Платон Степанович привык к этому вопросу.
– Да.
Любопытно. Если верить Даниилу, Ольга имела желание развивать людей. Развивать людей – дело опасное, потому что, пока ты развиваешь человека, он внимательно смотрит, что именно и где у тебя плохо лежит. Хотя это верно в обе стороны. Смородина вспомнил дворянина пушкинской эпохи, господина Свиньина. Пушкин презрительно писал о нем, что, мол, тот находит таланты у слуг. Слуг! В которых на самом деле нет и не может быть ничего особенного. Высокомерие поэта естественно, понятна и потребность в его выражении. Порывистый, увлекающийся Пушкин был совершенно непригоден к службе и одновременно, придавленный долгами, вынужден был служить. Вечные долги, несбывшаяся мечта о путешествии по Европе – все это создавало напряжение.
Злые люди говорили, что Свиньин ходил к опекаемым им художникам и жаловался: мол, сел рисовать пейзаж, а забыл, как писать небко. Подопечный рисовал ему небко. Свиньин шел ко второму: вот сел пейзаж рисовать, а забыл, как рисуется травка. Тот исполнял ему травку. Так с миру по нитке Свиньин предвосхитил постмодернизм.
Даниил молод, судит резко. Ольга наверняка смотрела глубже.
Зоя
Среди лекарств был полный порядок. Смородине почудилась некоторая иерархия, они были сгруппированы как книги в хорошей библиотеке. Медсестра пришла в дом еще при муже Ольги. Значит, по глубокому убеждению Александра, была практически вне подозрений. Муж Ольги знал толк в изучении чужих биографий.
– Ольга Иосифовна принимала много лекарств?
– БАДы регулярно, некоторые гормональные препараты. У нее был свой протокол. Остальное по необходимости.
– Как, по-вашему, она могла перепутать упаковки?
– Она была женщина творческая, эмоциональная, порывистая. Но ризипин – лекарство рецептурное, открывается сложно. Она сама его достала и открыла.
– Где он стоял?
– Здесь, – медсестра показала рукой. – А то, что Ольга Иосифовна должна была принимать каждый день, стояло у нее в комнате, на прикроватном столике. Меня уже спрашивал об этом Вениамин. Я, кстати, видела его в доме раньше ‒ кажется, полгода назад.

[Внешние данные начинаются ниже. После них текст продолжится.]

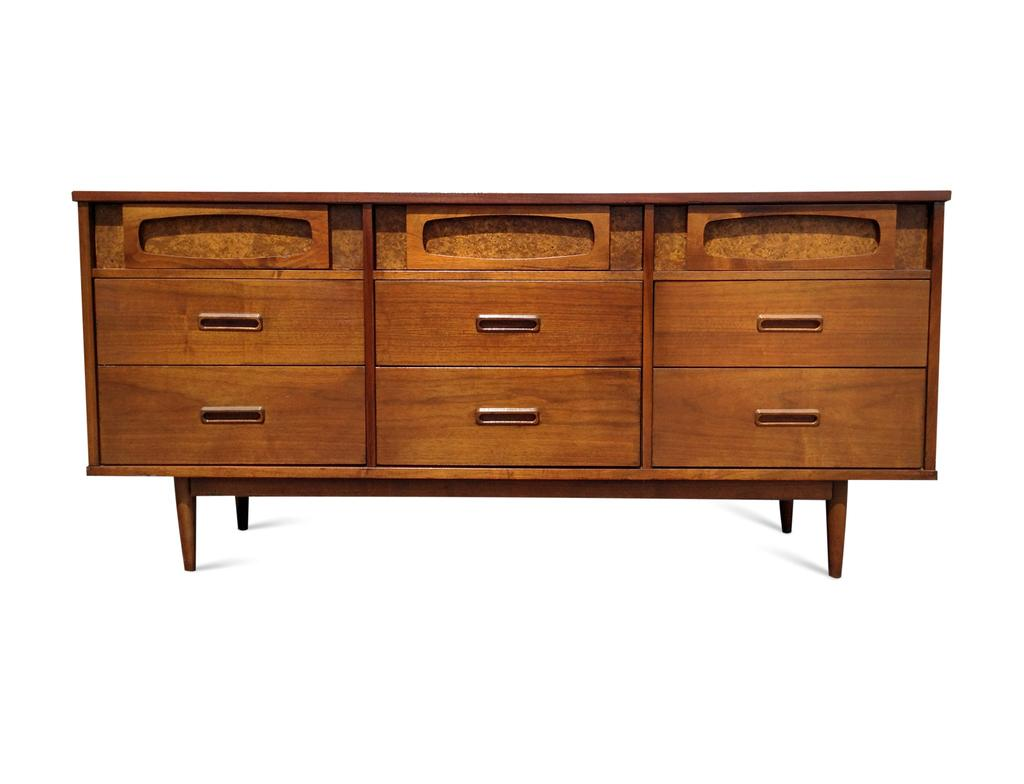What type of furniture is present in the image? There is a cupboard in the image. How is the cupboard emphasized in the image? The cupboard is highlighted in the image. What color is the cupboard? The cupboard is in brown color. What type of statement is written on the cupboard in the image? There is no statement written on the cupboard in the image. What type of yarn is used to decorate the cupboard in the image? There is no yarn used to decorate the cupboard in the image.

«Какая крепкая женщина, – думал Смородина, разглядывая медсестру. – В ней от рождения много силы». Волосы короткие, мелированные. Как зажиточный слепыш, Платон Степанович разбирался в дизайнерских оправах. Оценив очки Зои, он с удовольствием отметил, что персоналу в этом доме платили щедро, раз медсестра могла позволить себе такую оправу. Его все больше интересовала незаметная филиппинка. Дом был очень большой, при этом всюду было чисто. Из любопытства он даже пару раз заглядывал под кровати. Пыли не было.

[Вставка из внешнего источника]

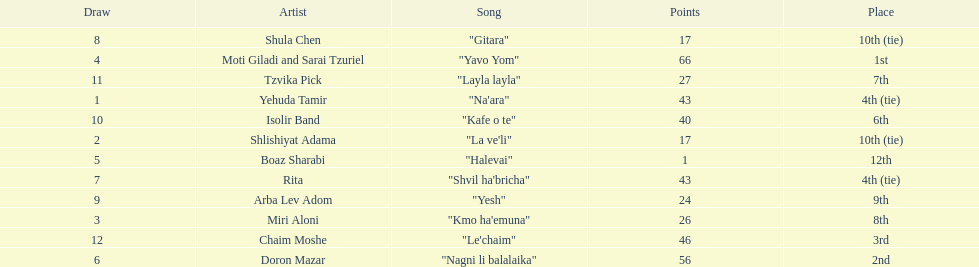Can you parse all the data within this table? {'header': ['Draw', 'Artist', 'Song', 'Points', 'Place'], 'rows': [['8', 'Shula Chen', '"Gitara"', '17', '10th (tie)'], ['4', 'Moti Giladi and Sarai Tzuriel', '"Yavo Yom"', '66', '1st'], ['11', 'Tzvika Pick', '"Layla layla"', '27', '7th'], ['1', 'Yehuda Tamir', '"Na\'ara"', '43', '4th (tie)'], ['10', 'Isolir Band', '"Kafe o te"', '40', '6th'], ['2', 'Shlishiyat Adama', '"La ve\'li"', '17', '10th (tie)'], ['5', 'Boaz Sharabi', '"Halevai"', '1', '12th'], ['7', 'Rita', '"Shvil ha\'bricha"', '43', '4th (tie)'], ['9', 'Arba Lev Adom', '"Yesh"', '24', '9th'], ['3', 'Miri Aloni', '"Kmo ha\'emuna"', '26', '8th'], ['12', 'Chaim Moshe', '"Le\'chaim"', '46', '3rd'], ['6', 'Doron Mazar', '"Nagni li balalaika"', '56', '2nd']]} What is the name of the song listed before the song "yesh"? "Gitara".

Видела Вениамина раньше? Это странно. Когда они ехали в дом, Вениамин сказал, что они подключились только после смерти его хозяйки.
– И все-таки она могла по ошибке его принять?
– Ошибаются даже великие хирурги, – ответила медсестра, поправляя очки.
– А суицидальных настроений у нее вы не замечали?
– Ольга Иосифовна держала с персоналом дистанцию.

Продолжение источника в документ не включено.